Note that, unlike the K-S test in the example above, the Anderson-Darling test could detect that sample z is not normal.

14.4.2 Shapiro-Wilks test for normality

The Shapiro-Wilks S-W test is not as affected by ties as the A-D test, but you still shouldn’t use it with a large number of ties. Recall the Q-Q plots. The S-W test measures of how well the ordered and standardized quantiles computed from your data fit the standard normal quantiles. The statistic will take a value between 0 and 1 with 1 being a perfect match.

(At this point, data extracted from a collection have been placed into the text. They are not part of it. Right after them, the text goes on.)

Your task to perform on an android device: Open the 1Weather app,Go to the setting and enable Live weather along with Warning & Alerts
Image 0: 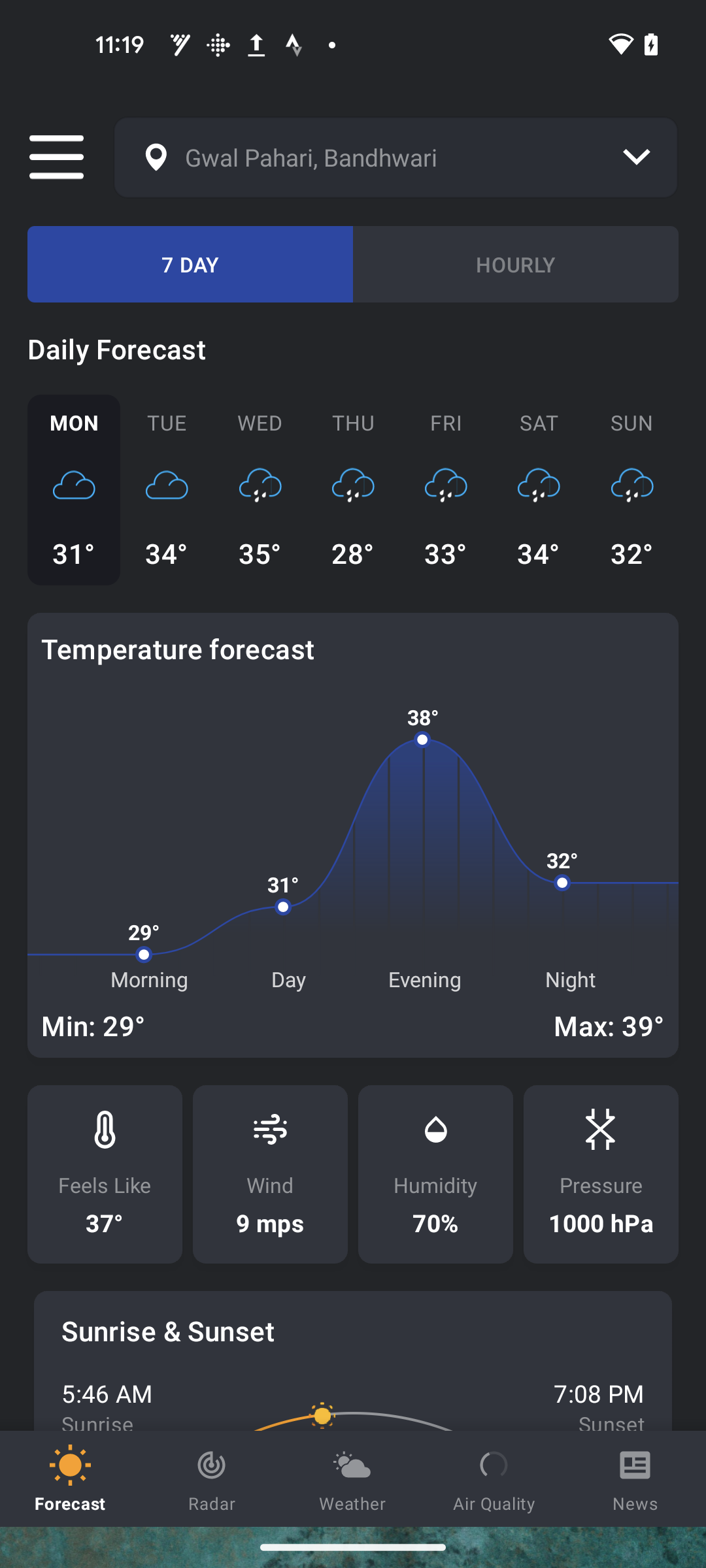
Open the 1Weather app
Step 0: open app "1Weather"
Image 1: 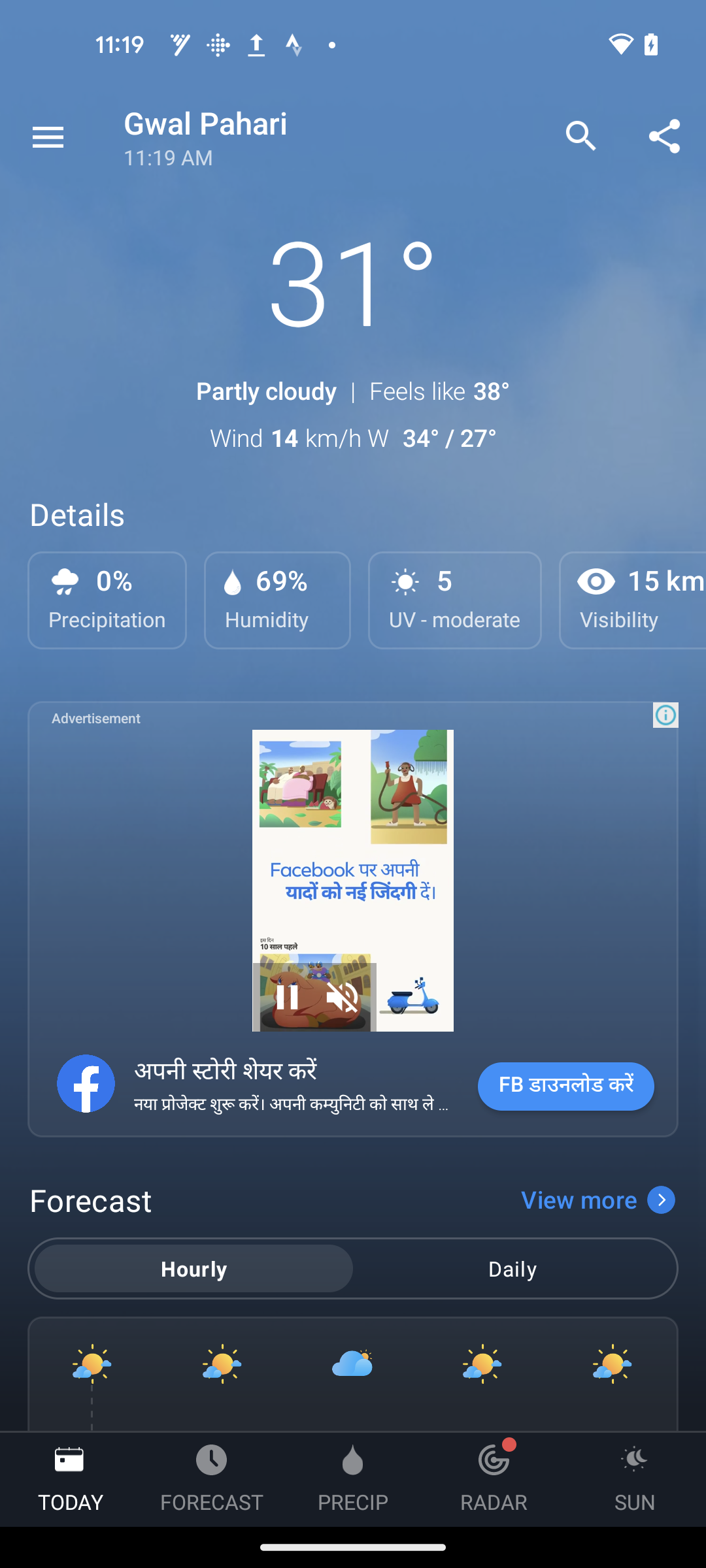
Click on the Menu icon at the top left corner of the screen
Step 1: click (48, 137)
Image 2: 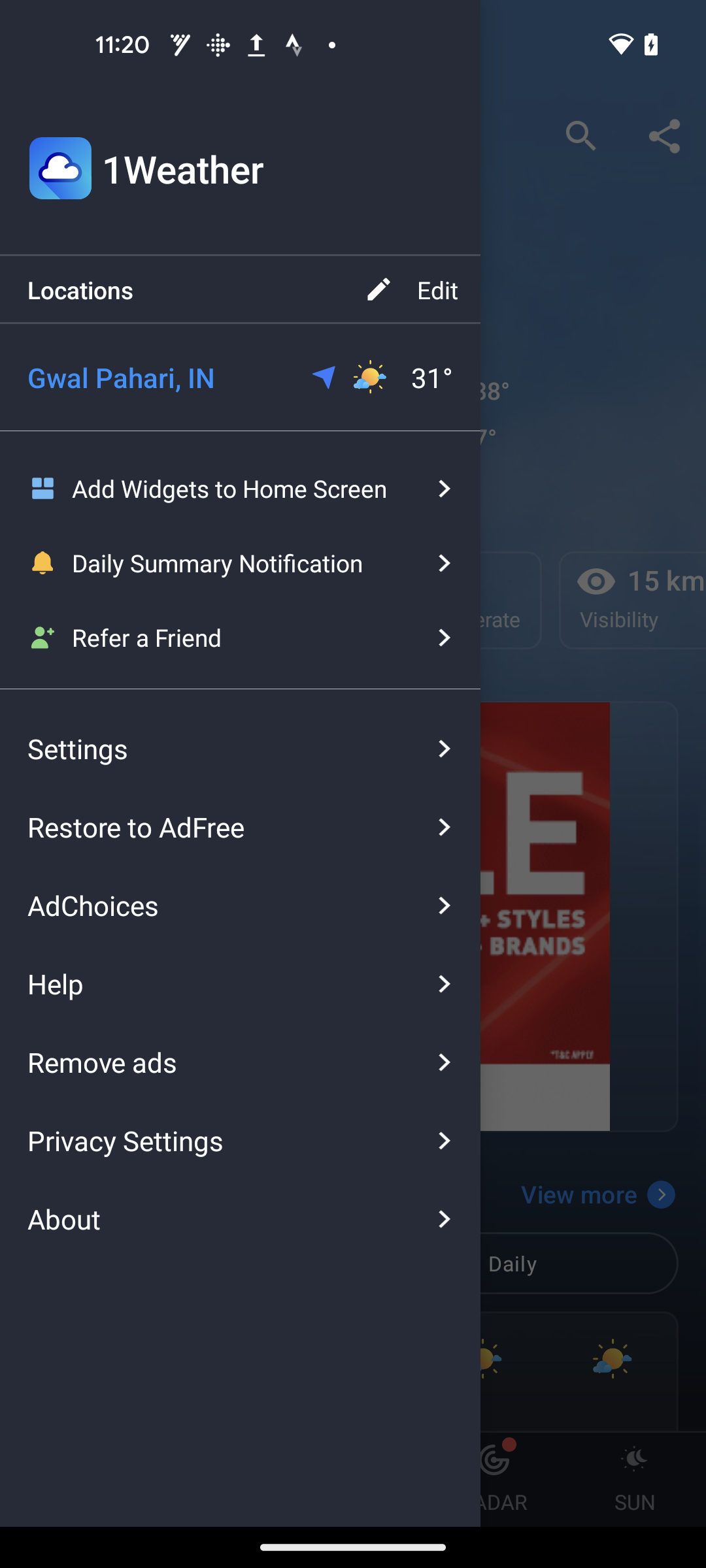
Click on the Settings
Step 2: click (225, 748)
Image 3: 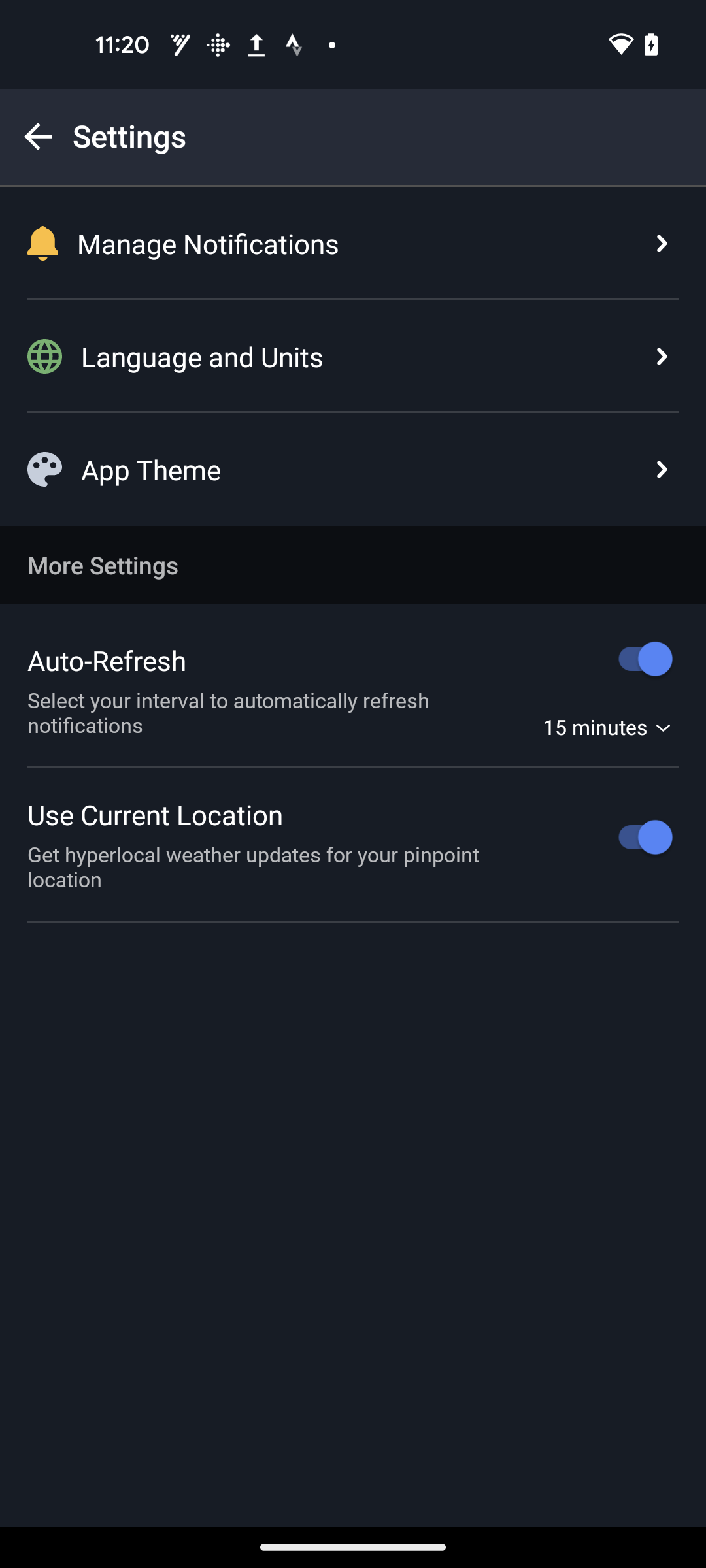
Click on the Manage Notification
Step 3: click (328, 243)
Image 4: 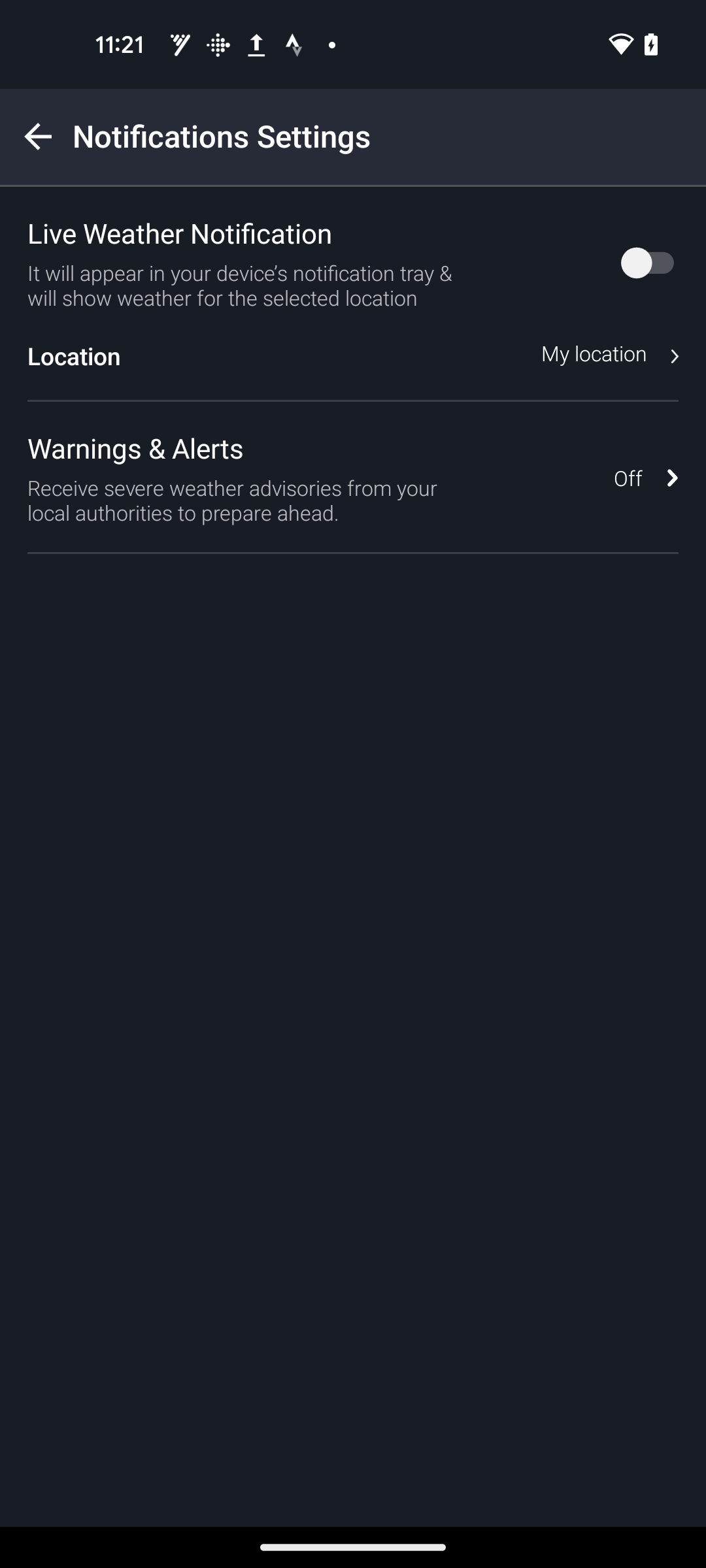
Swipe right at the bar in front of the Live Weather Notification
Step 4: scroll left
Image 5: 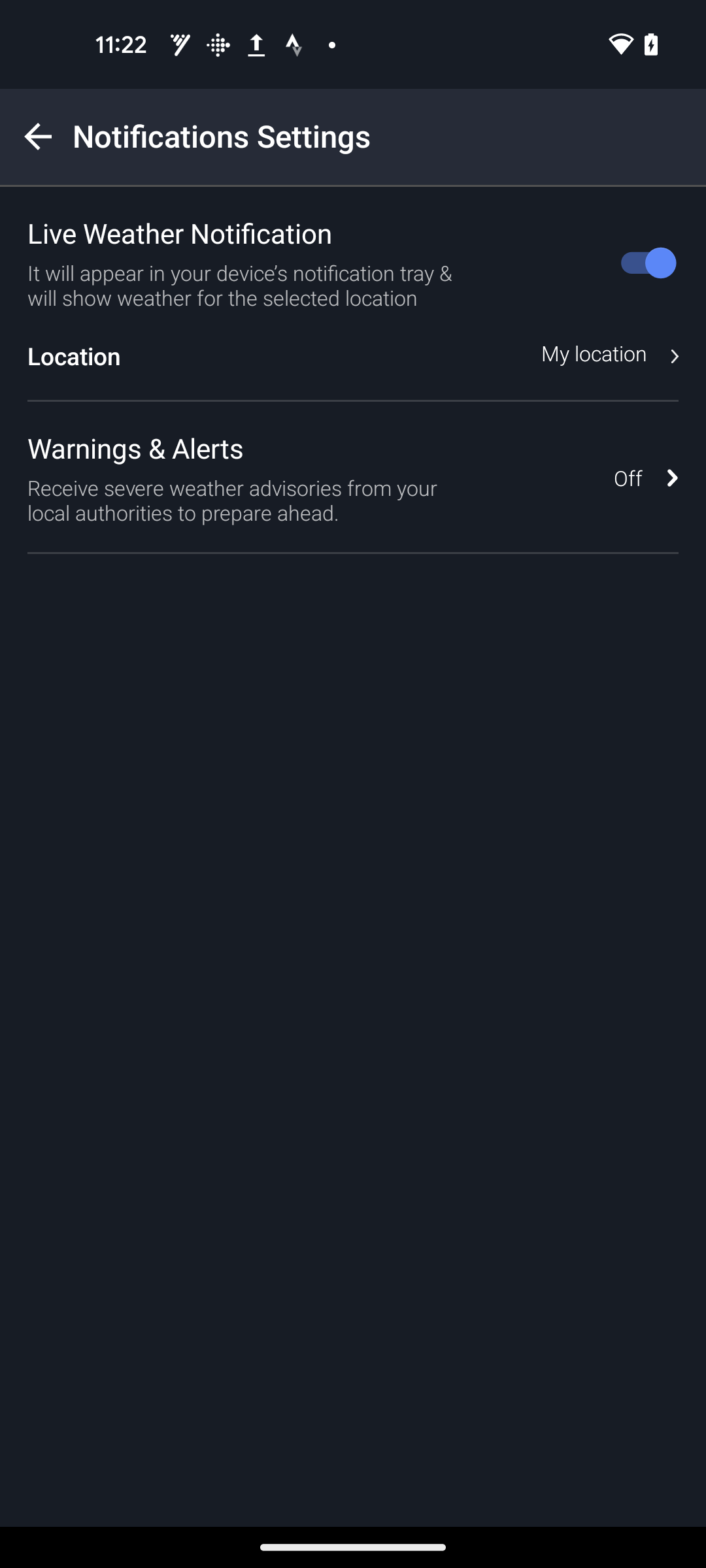
Click on the Off in the front of Warnings and Alerts
Step 5: click (628, 478)
Image 6: 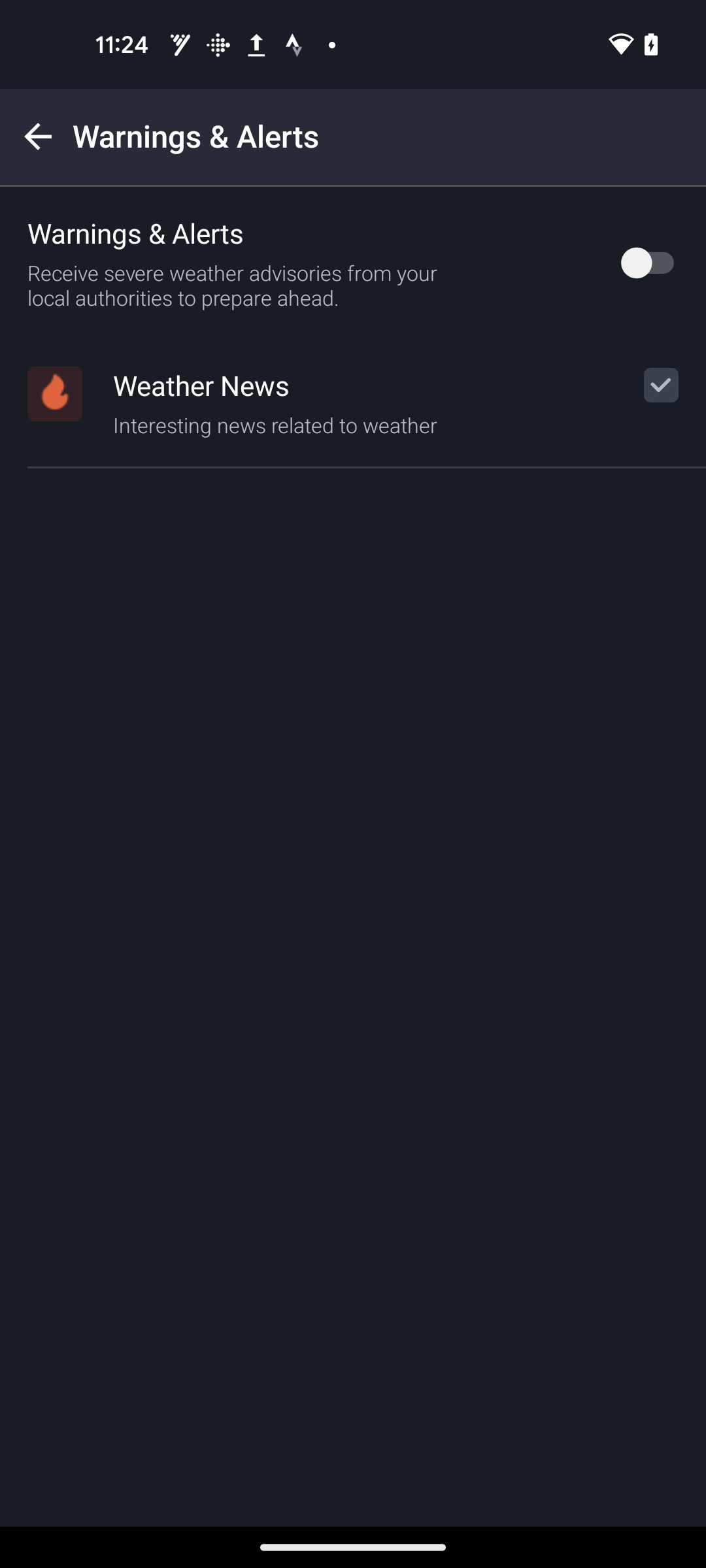
Swipe right at the bar in the front of Warnings & Alerts
Step 6: scroll left

You can think of Q-Q plots as the visual version of the S-W test.

  • The number of unique values in your sample must be between 3 and 5000
  • The S-W also does not require you to know the parameters of the normal distribution you are testing for.
library(nortest)
x <- rnorm(1000,0,3)
y <- runif(1000,0,4)
z <- runif(100,0,4)
shapiro.test(x)
#> 
#>  Shapiro-Wilk normality test
#> 
#> data:  x
#> W = 0.99804, p-value = 0.2994
shapiro.test(y)
#> 
#>  Shapiro-Wilk normality test
#> 
#> data:  y
#> W = 0.95771, p-value < 2.2e-16
shapiro.test(z)
#> 
#>  Shapiro-Wilk normality test
#> 
#> data:  z
#> W = 0.95277, p-value = 0.001268

Recall that the power of a test is the probability of avoiding a type II error, i.e. the probability of correctly rejecting a false null hypothesis. https://www.nrc.gov/docs/ML1714/ML17143A100.pdf compared the power of S_W, K_S, and A_D tests and came to the conclusion that, for smallish samples (n<100), the S-W test is the most powerful, followed by A-D and the K-S. However, as the sample size increases (n>1000), all three tests are perform very similarly. Not surprisingly, the power depends very much on the underlying distribution of the sample (symmetric or not, close to normal or not, etc.)

14.5 Assignment

Test if the data in normal_test.csv is normally distributed or not.